Strings Example

This example demonstrates how to extract strings with Monary.

Note

Due to the large difference between Python 2 strings and Python 3 strings, some of the examples will have two different versions. Please pay attention to the comments to decide which lines would work in your version of Python.

Setup

We can use PyMongo to populate a collection with some test data containing random strings. First, make a connection:

>>> from monary import Monary
>>> client = Monary()

Then, we can create a NumPy masked array of random strings:

>>> import random
>>> import string
>>> from numpy import ma
>>> import numpy as np
>>> lowercase = string.ascii_lowercase
>>> def rand_str(length):
...     return "".join(random.choice(lowercase)
...                    for c in range(0, length))
...
>>> strs = ma.masked_array(np.zeros(1000, dtype="S10"),
...                        np.zeros(1000, dtype="bool"))
>>> for i in range(0, 1000):
...     strs[i] = rand_str(random.choice(range(1, 10))).encode("utf-8")
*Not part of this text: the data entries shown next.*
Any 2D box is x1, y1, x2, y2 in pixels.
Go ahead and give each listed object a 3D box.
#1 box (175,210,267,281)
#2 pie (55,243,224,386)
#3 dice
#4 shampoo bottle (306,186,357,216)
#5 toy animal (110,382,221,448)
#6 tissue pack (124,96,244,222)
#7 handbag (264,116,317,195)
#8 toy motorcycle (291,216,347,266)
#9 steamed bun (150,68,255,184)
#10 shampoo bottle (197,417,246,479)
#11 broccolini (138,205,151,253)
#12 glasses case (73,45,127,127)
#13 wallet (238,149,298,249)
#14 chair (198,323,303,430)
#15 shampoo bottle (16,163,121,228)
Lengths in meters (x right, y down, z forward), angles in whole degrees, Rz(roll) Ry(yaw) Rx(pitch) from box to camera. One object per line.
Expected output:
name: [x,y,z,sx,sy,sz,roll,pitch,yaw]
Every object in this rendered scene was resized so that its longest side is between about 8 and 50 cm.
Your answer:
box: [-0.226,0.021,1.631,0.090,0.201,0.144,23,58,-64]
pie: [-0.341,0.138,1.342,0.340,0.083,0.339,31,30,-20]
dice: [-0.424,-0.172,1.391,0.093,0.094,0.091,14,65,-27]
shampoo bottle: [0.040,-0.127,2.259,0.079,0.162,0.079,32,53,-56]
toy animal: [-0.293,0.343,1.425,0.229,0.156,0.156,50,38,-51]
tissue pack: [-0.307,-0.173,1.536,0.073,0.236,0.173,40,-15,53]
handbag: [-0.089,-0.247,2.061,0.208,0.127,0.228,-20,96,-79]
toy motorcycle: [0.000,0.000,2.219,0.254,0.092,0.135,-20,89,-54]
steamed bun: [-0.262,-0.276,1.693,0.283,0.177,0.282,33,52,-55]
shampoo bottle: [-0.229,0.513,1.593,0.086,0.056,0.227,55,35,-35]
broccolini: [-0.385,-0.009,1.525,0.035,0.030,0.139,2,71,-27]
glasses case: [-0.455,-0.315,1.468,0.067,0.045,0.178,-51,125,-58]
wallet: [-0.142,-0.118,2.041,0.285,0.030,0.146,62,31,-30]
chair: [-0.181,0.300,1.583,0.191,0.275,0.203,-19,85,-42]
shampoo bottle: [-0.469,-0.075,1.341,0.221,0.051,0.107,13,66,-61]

Finally we can use Monary to insert these strings:

>>> from monary import MonaryParam
>>> client.insert(
...     "test", "data", [MonaryParam(strs, "stringdata", "string:10")])

MongoDB encodes strings in UTF-8, so you can use non-ASCII characters. Here is a sample script that inserts non-ASCII strings:

# -*- coding: utf-8 -*-
# the above comment is needed for Python 2 files with non-ASCII characters
from monary import Monary, MonaryParam
import numpy as np
from numpy import ma

client = Monary()
strs = ["liberté", "自由", "ελευθερία"]

# If running in python 2, encode in utf-8
strs = list(map(lambda x: x.encode("utf-8"), strs))

max_len = max(map(len, strs))
str_array = ma.masked_array(strs, [False] * 3, dtype=("S%d" % max_len))
str_mp = MonaryParam(str_array, "stringdata", "string:%d" % max_len)
client.insert("test", "utf8", [str_mp])

Finding String Data

String Sizing

Monary can obtain strings from MongoDB if you specify the size of the strings in bytes.

Note

Unicode characters encoded in UTF-8 can be larger than one byte in size. For example, the size of “99¢” is 4 - one byte for each ‘9’ and two bytes for ‘¢’.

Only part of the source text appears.